[Collected data]
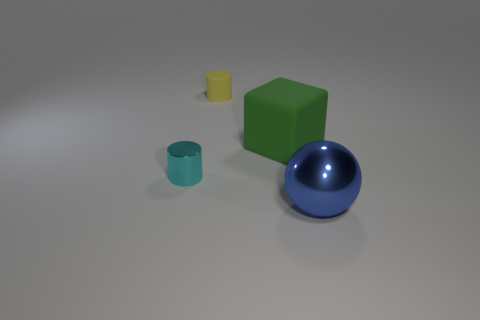Add 1 blue rubber objects. How many objects exist? 5 Subtract all spheres. How many objects are left? 3 Subtract all green cubes. Subtract all small yellow objects. How many objects are left? 2 Add 1 small cylinders. How many small cylinders are left? 3 Add 4 metal spheres. How many metal spheres exist? 5 Subtract 0 purple balls. How many objects are left? 4 
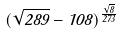Convert formula to latex. <formula><loc_0><loc_0><loc_500><loc_500>( \sqrt { 2 8 9 } - 1 0 8 ) ^ { \frac { \sqrt { 8 } } { 2 7 3 } }</formula> 
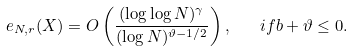<formula> <loc_0><loc_0><loc_500><loc_500>e _ { N , r } ( X ) = O \left ( \frac { ( \log \log N ) ^ { \gamma } } { ( \log N ) ^ { \vartheta - 1 / 2 } } \right ) , \quad i f b + \vartheta \leq 0 .</formula> 
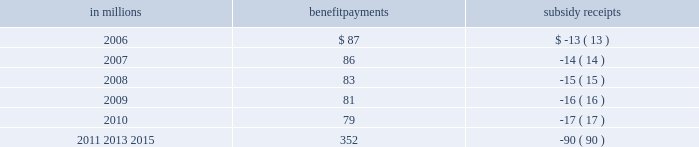At december 31 , 2005 , estimated total future post- retirement benefit payments , net of participant con- tributions and estimated future medicare part d subsidy receipts are as follows : in millions benefit payments subsidy receipts .
Non-u.s .
Postretirement benefits in addition to the u.s .
Plan , certain canadian and brazilian employees are eligible for retiree health care and life insurance .
Net postretirement benefit cost for our non-u.s .
Plans was $ 3 million for 2005 and $ 2 mil- lion for 2004 .
The benefit obligation for these plans was $ 21 million in 2005 and $ 20 million in 2004 .
Note 17 incentive plans international paper currently has a long-term in- centive compensation plan ( lticp ) that includes a stock option program , a restricted performance share program and a continuity award program , ad- ministered by a committee of nonemployee members of the board of directors ( committee ) who are not eligible for awards .
Also , stock appreciation rights ( sar 2019s ) have been awarded to employees of a non-u.s .
Subsidiary , with 5135 and 5435 rights outstanding at de- cember 31 , 2005 and 2004 , respectively .
We also have other performance-based restricted share/unit programs available to senior executives and directors .
International paper applies the provisions of apb opinion no .
25 , 201caccounting for stock issued to employees , 201d and related interpretations and the dis- closure provisions of sfas no .
123 , 201caccounting for stock-based compensation , 201d in accounting for our plans .
Sfas no .
123 ( r ) will be adopted effective jan- uary 1 , 2006 .
As no unvested stock options were out- standing at this date , the company believes that the adoption will not have a material impact on its con- solidated financial statements .
Stock option program international paper accounts for stock options using the intrinsic value method under apb opinion no .
25 .
Under this method , compensation expense is recorded over the related service period when the market price exceeds the option price at the measurement date , which is the grant date for international paper 2019s options .
No compensation expense is recorded as options are is- sued with an exercise price equal to the market price of international paper stock on the grant date .
During each reporting period , fully diluted earnings per share is calculated by assuming that 201cin-the-money 201d options are exercised and the exercise proceeds are used to repurchase shares in the marketplace .
When options are actually exercised , option proceeds are credited to equity and issued shares are included in the computation of earnings per common share , with no effect on re- ported earnings .
Equity is also increased by the tax benefit that international paper will receive in its tax return for income reported by the optionees in their in- dividual tax returns .
Under the program , officers and certain other em- ployees may be granted options to purchase interna- tional paper common stock .
The option price is the market price of the stock on the close of business on the day prior to the date of grant .
Options must be vested before they can be exercised .
Upon exercise of an op- tion , a replacement option may be granted under certain circumstances with an exercise price equal to the market price at the time of exercise and with a term extending to the expiration date of the original option .
The company discontinued its stock option pro- gram in 2004 for members of executive management , and in 2005 for all other eligible u.s .
And non-u.s .
Employees .
In the united states , the stock option pro- gram was replaced with a performance-based restricted share program for approximately 1250 employees to more closely tie long-term incentive compensation to company performance on two key performance drivers : return on investment ( roi ) and total shareholder re- turn ( tsr ) .
As part of this shift in focus away from stock options to performance-based restricted stock , the company accelerated the vesting of all 14 million un- vested stock options to july 12 , 2005 .
The company also considered the benefit to employees and the income statement impact in making its decision to accelerate the vesting of these options .
Based on the market value of the company 2019s common stock on july 12 , 2005 , the exercise prices of all such stock options were above the market value and , accordingly , the company recorded no expense as a result of this action. .
In 2006 what was the ratio of the benefit payments to the subsidy receipts? 
Computations: (87 / 13)
Answer: 6.69231. 
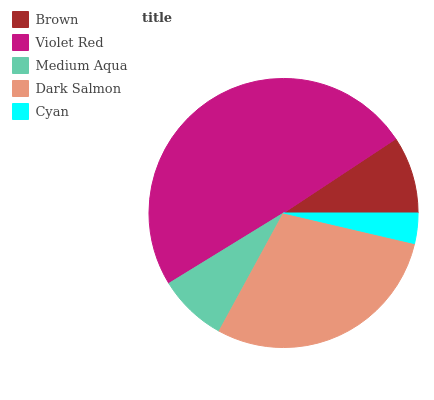Is Cyan the minimum?
Answer yes or no. Yes. Is Violet Red the maximum?
Answer yes or no. Yes. Is Medium Aqua the minimum?
Answer yes or no. No. Is Medium Aqua the maximum?
Answer yes or no. No. Is Violet Red greater than Medium Aqua?
Answer yes or no. Yes. Is Medium Aqua less than Violet Red?
Answer yes or no. Yes. Is Medium Aqua greater than Violet Red?
Answer yes or no. No. Is Violet Red less than Medium Aqua?
Answer yes or no. No. Is Brown the high median?
Answer yes or no. Yes. Is Brown the low median?
Answer yes or no. Yes. Is Dark Salmon the high median?
Answer yes or no. No. Is Medium Aqua the low median?
Answer yes or no. No. 
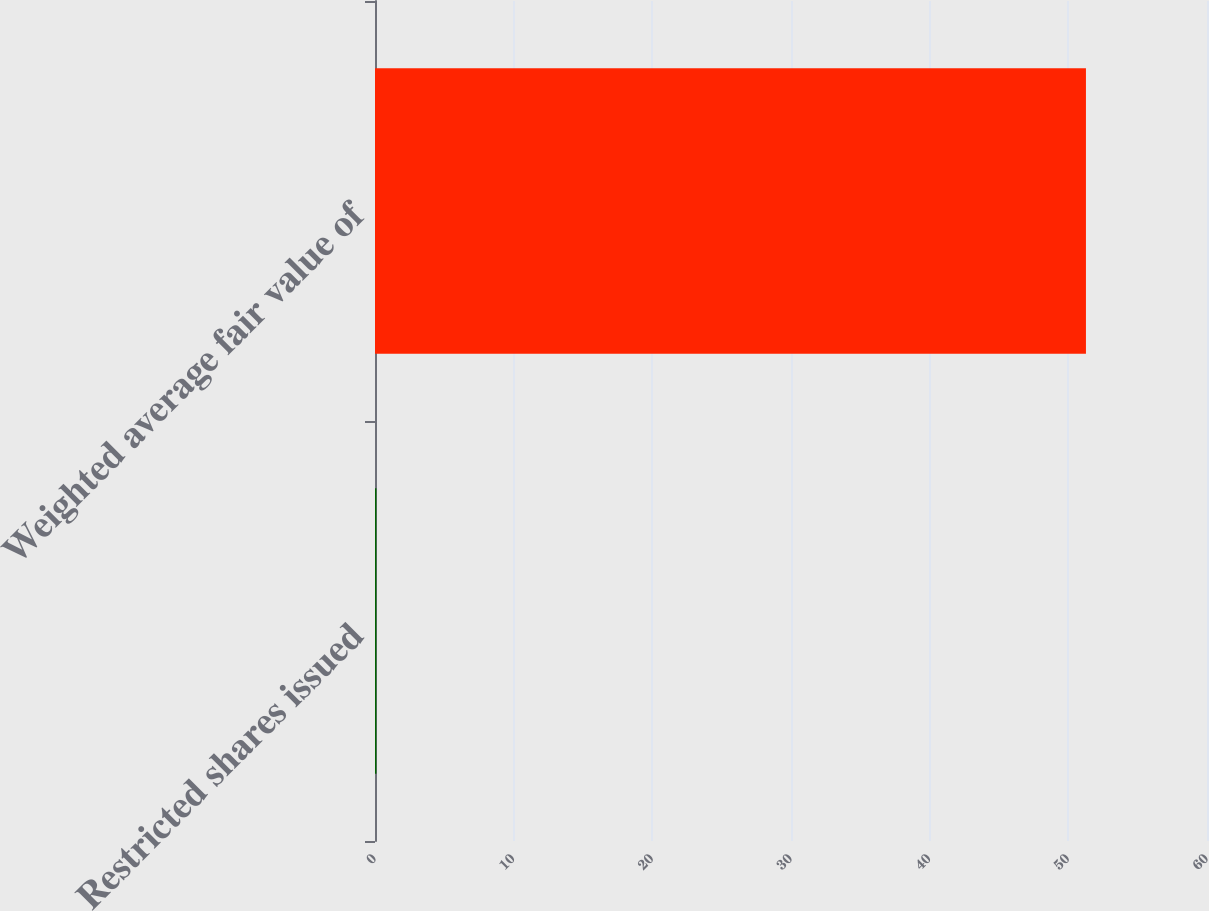<chart> <loc_0><loc_0><loc_500><loc_500><bar_chart><fcel>Restricted shares issued<fcel>Weighted average fair value of<nl><fcel>0.1<fcel>51.27<nl></chart> 
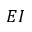<formula> <loc_0><loc_0><loc_500><loc_500>E I</formula> 
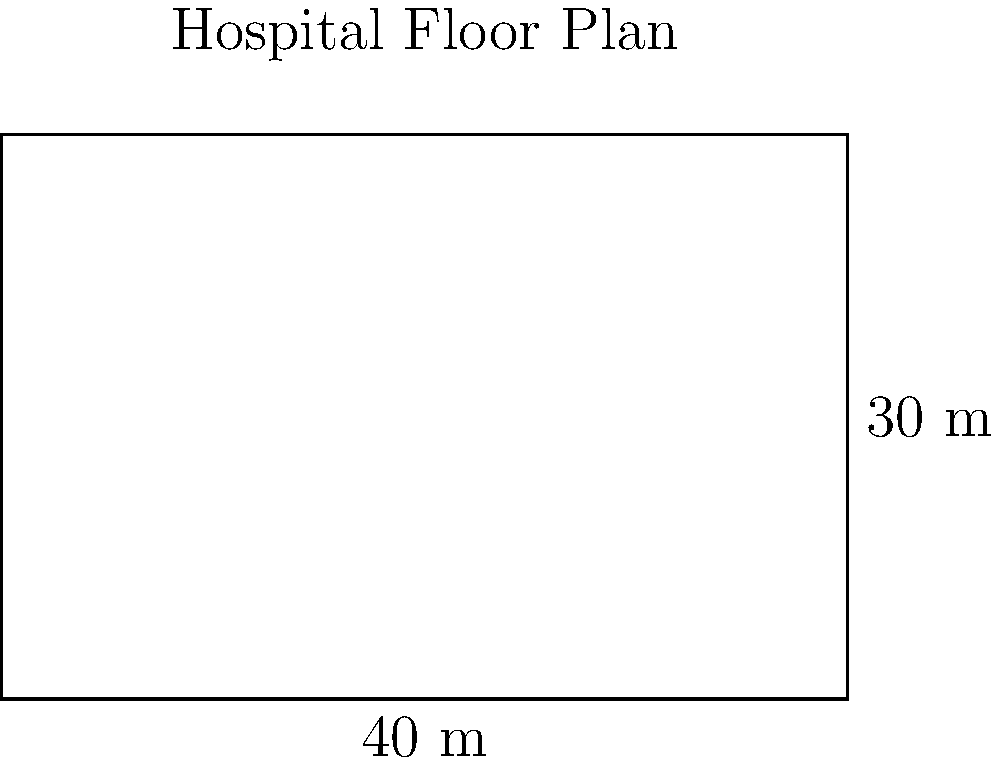As part of a healthcare reform initiative, you're assessing the capacity of a new hospital. The rectangular floor plan of the main ward is shown above. If each patient requires a minimum of 100 square meters of floor space, what is the maximum number of patients that can be accommodated in this ward? To solve this problem, we need to follow these steps:

1) Calculate the area of the rectangular floor plan:
   - The length of the rectangle is 40 m
   - The width of the rectangle is 30 m
   - Area formula: $A = l \times w$
   - $A = 40 \text{ m} \times 30 \text{ m} = 1200 \text{ m}^2$

2) Determine the number of patients that can be accommodated:
   - Each patient requires 100 square meters
   - Number of patients = Total area ÷ Area per patient
   - $\text{Number of patients} = \frac{1200 \text{ m}^2}{100 \text{ m}^2/\text{patient}} = 12 \text{ patients}$

3) Since we can't have a fraction of a patient, we round down to the nearest whole number.

Therefore, the maximum number of patients that can be accommodated in this ward is 12.
Answer: 12 patients

**TO DO:**
Once the line with "Under the program" is found in the records above, print exactly that line and every line after it through the line with "Options must be".

**TASK ANSWER:**
Under the program , officers and certain other em- ployees may be granted options to purchase interna- tional paper common stock .
The option price is the market price of the stock on the close of business on the day prior to the date of grant .
Options must be vested before they can be exercised .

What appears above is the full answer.